Customize a theme I own to be a BuddyPress child

I'm using a theme I own on tb5music.com for my band. I'm trying to build a community similar to edublogs but for bands at theindiearmy.com where bands can easily create a free website with all the plugins configured and ready to go without headaches. I want to use the soundcheck theme as the configured BuddyPress child for band sites and Studio as the BuddyPress parent landing page for theindiearmy.com.

Is this something you guys can help me with? I want to use all of your plugins and really want to make sure the theme will work well.

I purchased Soundcheck under the following license from press75:
Licensing & Use
All Press75 WordPress themes are licensed under the GNU General Public License. You have the right to use purchased themes on as many concurrent sites as you like. You are authorized to make any necessary modification(s) to Press75.com themes to suit your needs.

  • Paul Barthmaier

    Hi there Bobby!

    Sure thing you can use it, but I wouldn't use it on the site that has Buddypress. I like your idea of using the Studio theme on the site that has Buddypress because all of the coding is done for you to accommodate BP. Although BP runs networkwide, it won't affect the theming of the other sites. Since they'll have the same file structure as any other Wordpress site, it's just fine.

    However, I do have some thoughts for you that could make your situation easier. First off, in addition to ProSites helping you sell upgrades to your sites, you can also use our Default Blog Template:

    https://premium.wpmudev.org/project/new-blog-template/

    to set the theme that you want folks to use. The second thing is that Parent Themes and Child themes are a big deal in Wordpress and it's important to keep them straight. The good news is that all of our themes come with both! When you install the parent theme, inside you'll find another folder that has the child theme, which you should move to the Themes folder along side its parent.

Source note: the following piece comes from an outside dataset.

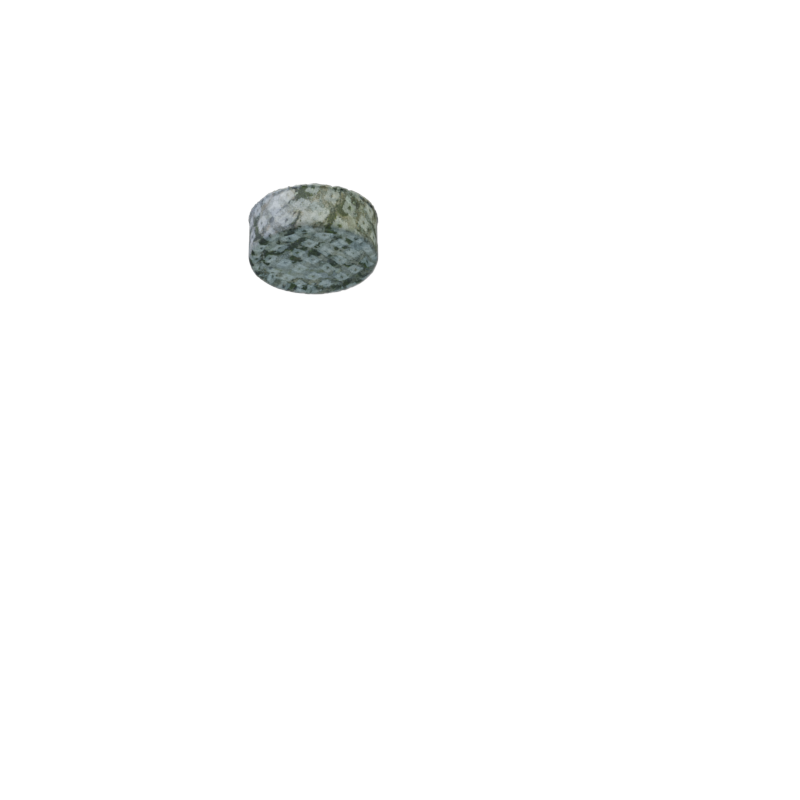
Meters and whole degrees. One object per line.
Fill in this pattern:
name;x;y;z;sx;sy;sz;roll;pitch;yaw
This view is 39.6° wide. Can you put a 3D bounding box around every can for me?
can;-0.057;-0.104;0.725;0.086;0.036;0.081;1;-27;-2

    Now for Soundcheck, you'll have to create your own Child theme for use with Blog Templates. You can read up on that more on the Codex, but don't worry, it's not that troublesome. Essentially, a child theme is just a folder located in your site's themes folder with a file called style.css, which has the following structure:

    /*
    Theme Name: YOUR THEME Child Theme
    Version: 1.0
    Description: A child theme for YOUR THEME.
    Author:
    Author URL: http://www.yourURL.com
    Template: parent-theme-folder-name-here
    */
    @import url("../parent-theme-folder-name-here/style.css");

    You will, of course, need to change your details in the above structure. Notice, there are 3 important bits of info:

    1. the child theme is given a name, which is what will appear in the backend when selecting a theme.
    2. The parent theme's folder is named as the Template
    3. Info from the parent theme's css is brought in using the @import

    All of our themes come with a pre-made child theme, but it'll need a little help from you to get it in the right folder. For more info you can consult our WPMU DEV page on child themes or the WP Codes for child themes.

    Hope this helps!

    Cheers,
    Paul

  • Bobby

    Thanks Paul,

    I made created the directory as you suggested by copying from the studio-child example and making the changes to point to my soundcheck parent theme. Unfortunately though, when I activate the soundcheck-child theme on my test child blog site, things acting screwy. I noticed that studio was created from the default buddy press theme and customized. Soundcheck wasn't. It is a normal wordpress theme. Are there other things missing in the soundcheck parent theme that need to be added for buddypress support?

  • Bobby

    I've made progres...

    I started over by copying the studio parent directory and calling it soundcheck.
    From there I ftp'd my soundcheck files into that directory overwriting similar files.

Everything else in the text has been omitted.